[WORK TASK]
With all pictures excluded, restate the records that follow exactly as written.

(Records from a data collection)
________________________________________

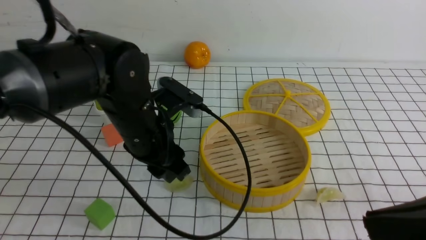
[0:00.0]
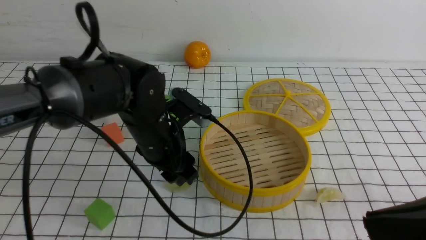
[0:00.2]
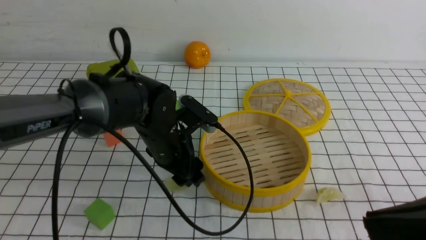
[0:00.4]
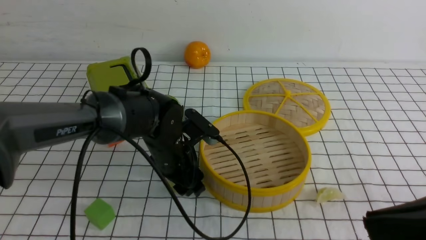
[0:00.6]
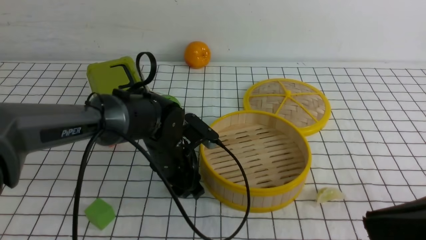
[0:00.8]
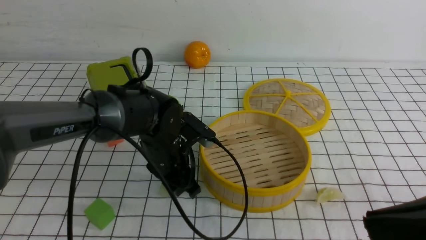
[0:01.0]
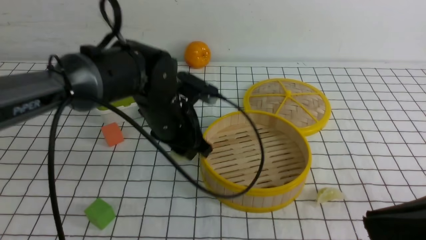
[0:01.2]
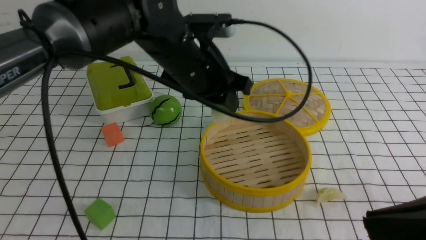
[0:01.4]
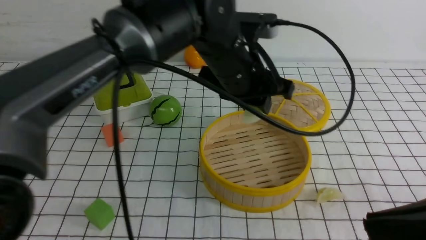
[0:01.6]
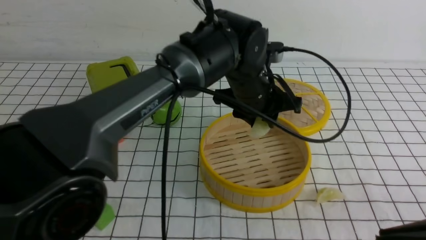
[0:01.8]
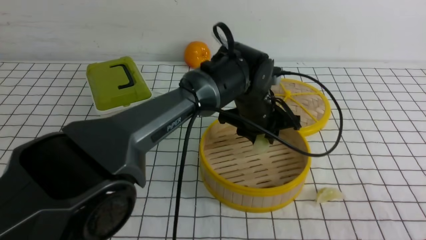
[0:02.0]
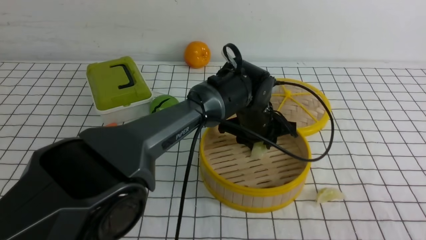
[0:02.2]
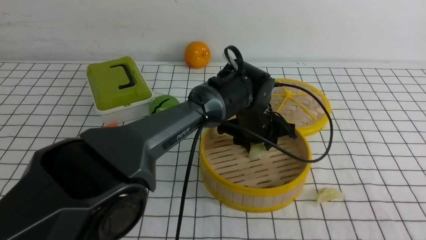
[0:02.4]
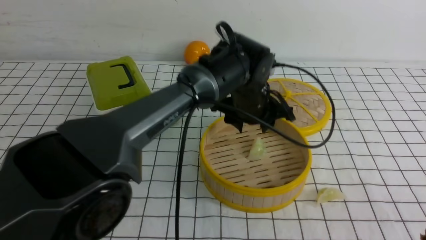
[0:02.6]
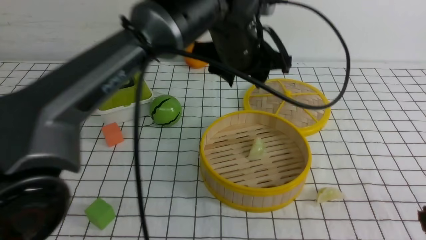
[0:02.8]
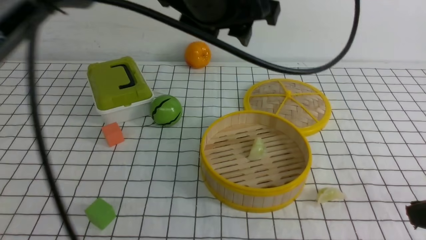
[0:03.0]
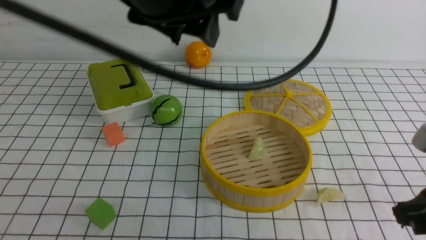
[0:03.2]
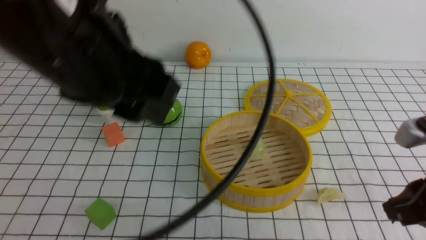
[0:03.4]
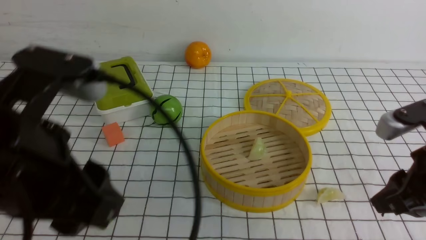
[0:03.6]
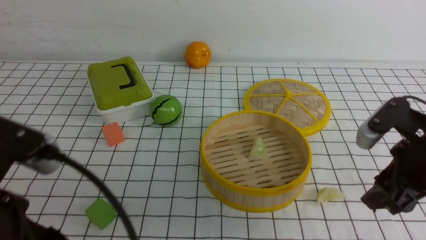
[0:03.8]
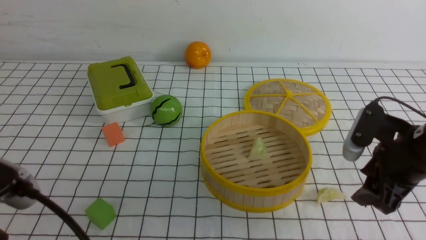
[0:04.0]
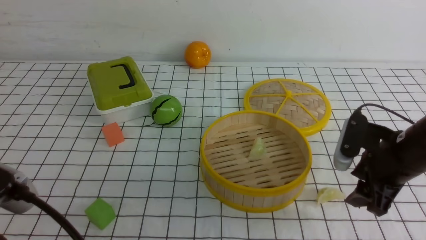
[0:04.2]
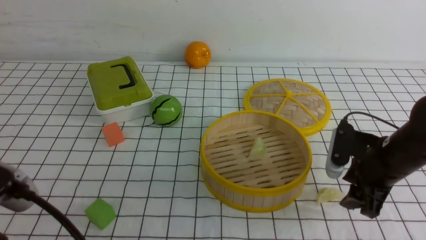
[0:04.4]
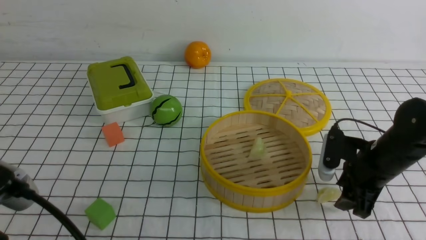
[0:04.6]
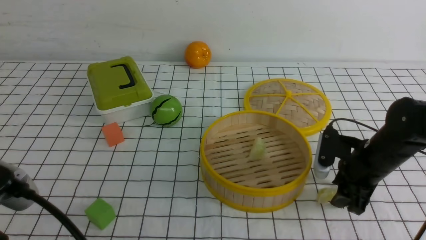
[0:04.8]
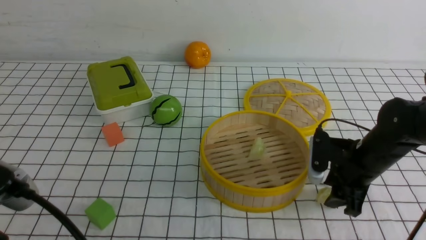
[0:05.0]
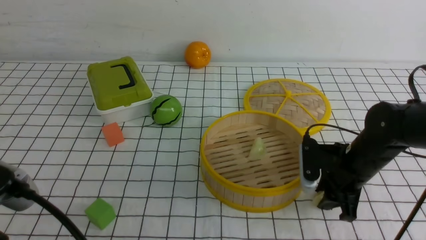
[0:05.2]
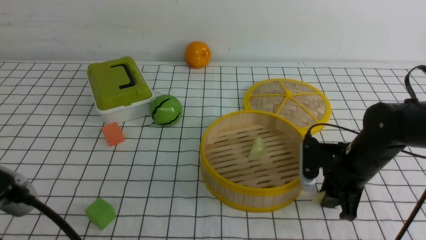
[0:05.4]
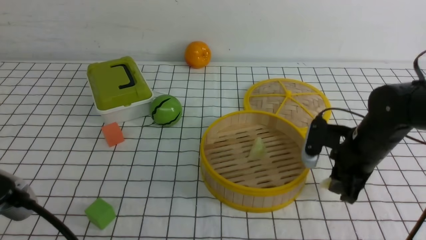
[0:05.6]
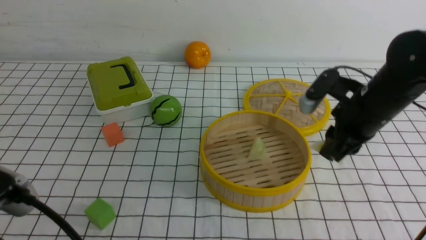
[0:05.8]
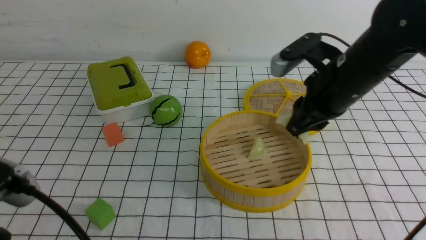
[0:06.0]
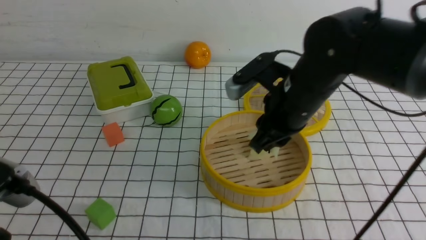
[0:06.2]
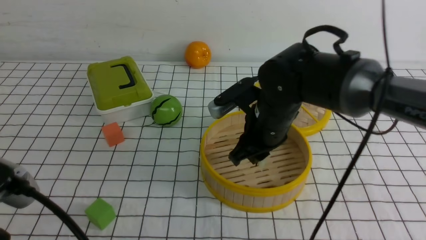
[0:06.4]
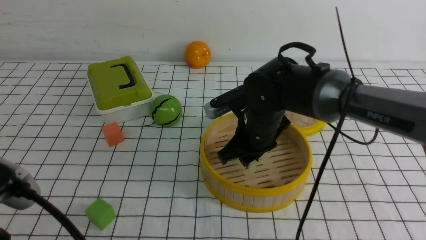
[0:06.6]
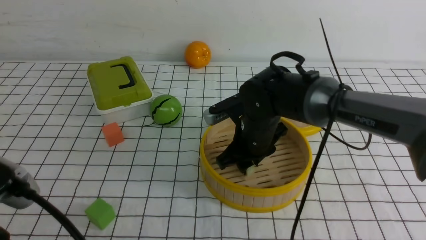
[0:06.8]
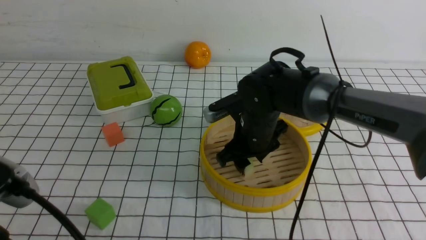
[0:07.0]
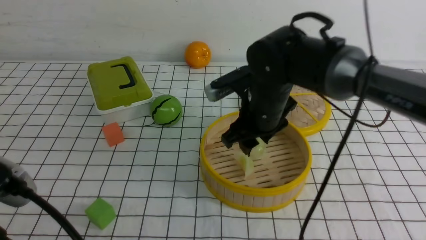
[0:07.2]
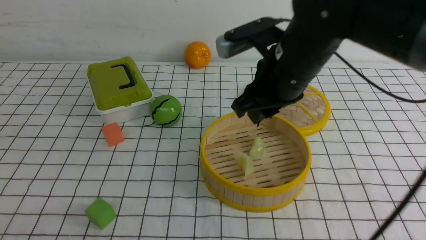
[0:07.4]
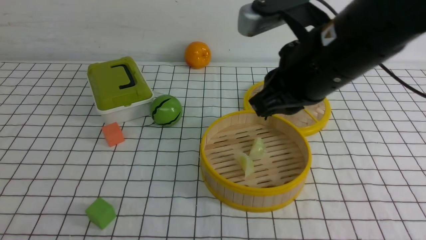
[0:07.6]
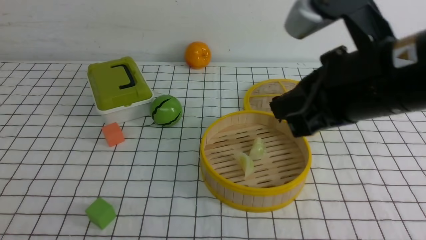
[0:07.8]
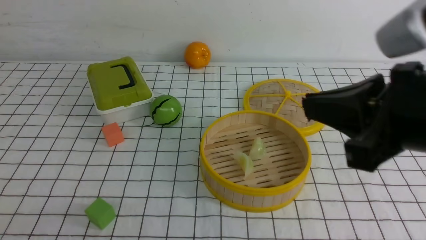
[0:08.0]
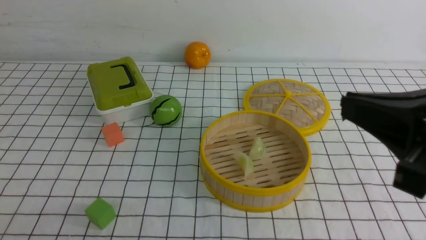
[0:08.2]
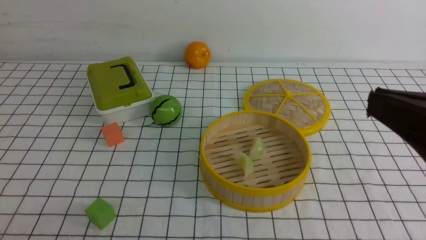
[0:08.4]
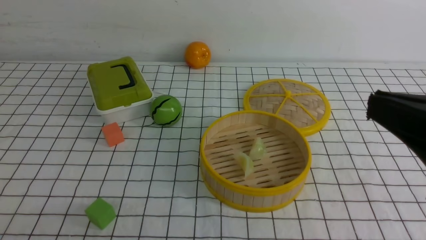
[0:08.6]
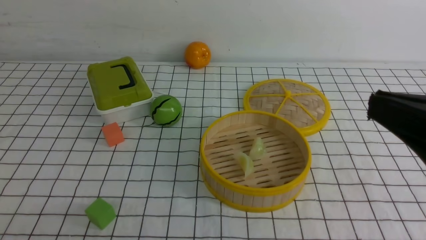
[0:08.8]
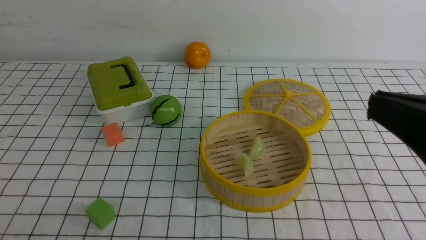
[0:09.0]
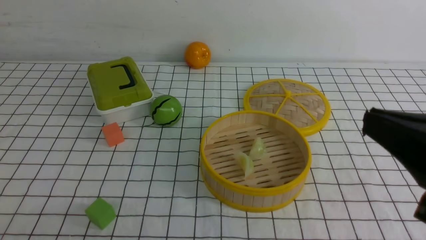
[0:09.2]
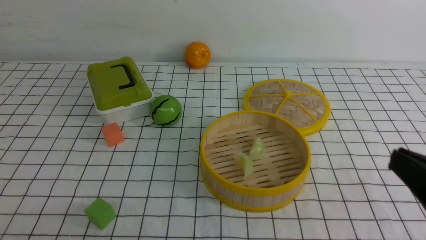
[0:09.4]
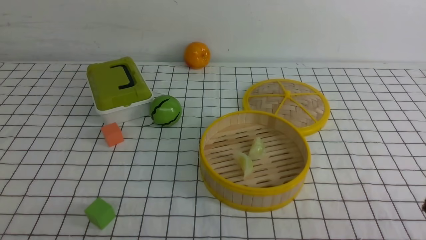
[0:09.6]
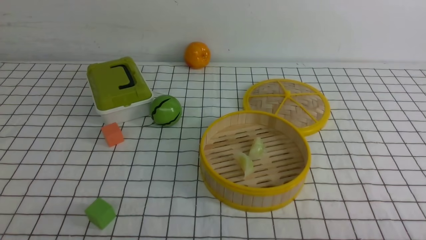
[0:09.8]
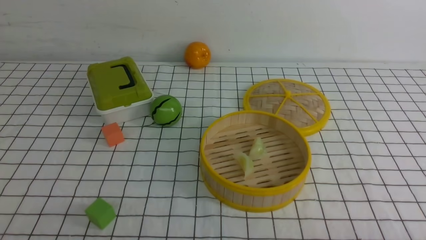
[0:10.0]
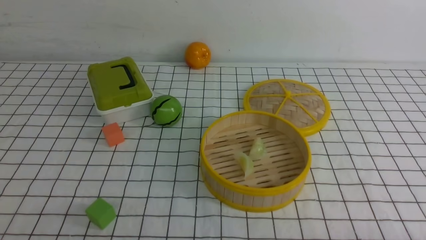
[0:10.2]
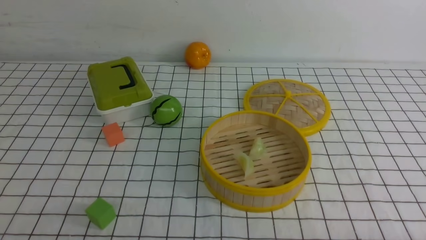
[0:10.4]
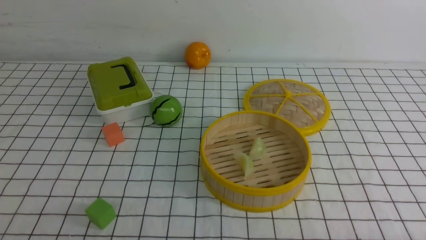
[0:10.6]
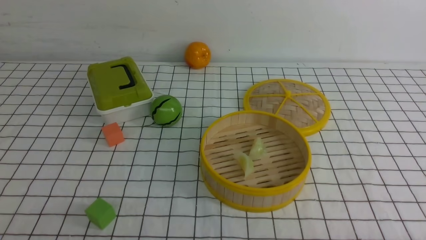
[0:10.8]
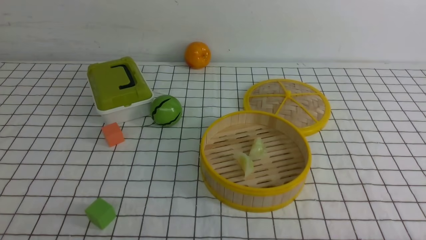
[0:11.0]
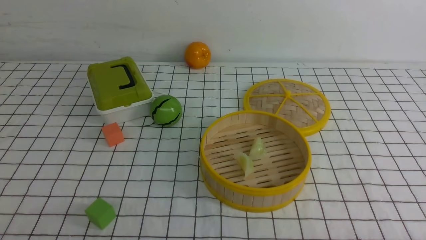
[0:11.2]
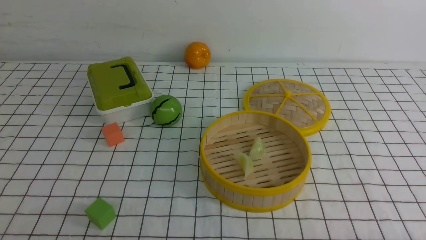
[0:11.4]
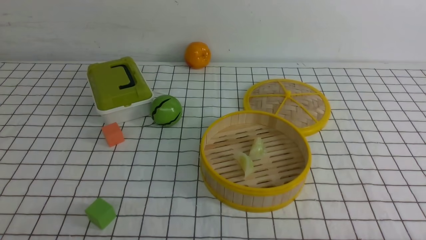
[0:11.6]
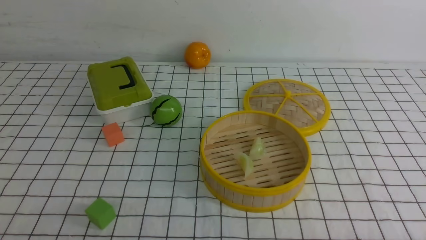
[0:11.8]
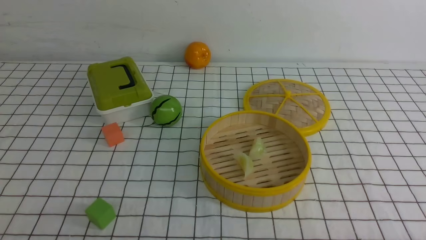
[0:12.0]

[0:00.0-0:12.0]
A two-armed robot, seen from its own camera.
Task of the whole recording: put the dumplings into the steamer on the table with the white tablecloth.
Step, 0:01.6 to 0:02.8: use the left arm to put the dumpling into the steamer.
Step, 0:03.0 to 0:05.4: use the right arm to grab a dumpling.
Step, 0:05.8 to 0:07.4: use the right arm to put the dumpling into the steamer.
0:00.0 to 0:01.6: The left gripper goes roughly 15 cm to the right, forward and upward.
0:01.6 to 0:03.0: The right gripper shifts by roughly 5 cm. The left gripper moves upward and backward, approximately 15 cm.
0:03.0 to 0:04.4: The right gripper heads forward and downward, covering approximately 20 cm, and opens its fingers. Meanwhile the left gripper travels backward, to the left and downward by some 30 cm.
0:04.4 to 0:06.0: The right gripper moves upward and to the left, roughly 15 cm, and closes.
0:06.0 to 0:07.6: The left gripper is displaced to the left by roughly 5 cm, and closes, while the right gripper travels upward and backward by some 10 cm, and opens and closes again.
0:07.6 to 0:09.0: The right gripper heads backward and to the right, covering some 20 cm.
0:09.0 to 0:10.4: The right gripper travels downward and to the right by about 20 cm.
0:10.4 to 0:12.0: Both grippers stay about where they are.

________________________________________

[EXPECTED ANSWER]
[0:00.0]
[0:00.2]
[0:00.4]
[0:00.6]
[0:00.8]
[0:01.0]
[0:01.2]
[0:01.4]
[0:01.6]
[0:01.8]
[0:02.0]
[0:02.2]
[0:02.4]
[0:02.6]
[0:02.8]
[0:03.0]
[0:03.2]
[0:03.4]
[0:03.6]
[0:03.8]
[0:04.0]
[0:04.2]
[0:04.4]
[0:04.6]
[0:04.8]
[0:05.0]
[0:05.2]
[0:05.4]
[0:05.6]
[0:05.8]
[0:06.0]
[0:06.2]
[0:06.4]
[0:06.6]
[0:06.8]
[0:07.0]
[0:07.2]
[0:07.4]
[0:07.6]
[0:07.8]
[0:08.0]
[0:08.2]
[0:08.4]
[0:08.6]
[0:08.8]
[0:09.0]
[0:09.2]
[0:09.4]
[0:09.6]
[0:09.8]
[0:10.0]
[0:10.2]
[0:10.4]
[0:10.6]
[0:10.8]
[0:11.0]
[0:11.2]
[0:11.4]
[0:11.6]
[0:11.8]
[0:12.0]

[0:00.0-0:12.0]
A two-armed robot, seen from its own camera.
Task of the whole recording: put the dumplings into the steamer on the table with the white tablecloth.
Step, 0:01.6 to 0:02.8: use the left arm to put the dumpling into the steamer.
Step, 0:03.0 to 0:05.4: use the right arm to grab a dumpling.
Step, 0:05.8 to 0:07.4: use the right arm to put the dumpling into the steamer.
0:00.0 to 0:01.6: The left gripper goes roughly 15 cm to the right, forward and upward.
0:01.6 to 0:03.0: The right gripper shifts by roughly 5 cm. The left gripper moves upward and backward, approximately 15 cm.
0:03.0 to 0:04.4: The right gripper heads forward and downward, covering approximately 20 cm, and opens its fingers. Meanwhile the left gripper travels backward, to the left and downward by some 30 cm.
0:04.4 to 0:06.0: The right gripper moves upward and to the left, roughly 15 cm, and closes.
0:06.0 to 0:07.6: The left gripper is displaced to the left by roughly 5 cm, and closes, while the right gripper travels upward and backward by some 10 cm, and opens and closes again.
0:07.6 to 0:09.0: The right gripper heads backward and to the right, covering some 20 cm.
0:09.0 to 0:10.4: The right gripper travels downward and to the right by about 20 cm.
0:10.4 to 0:12.0: Both grippers stay about where they are.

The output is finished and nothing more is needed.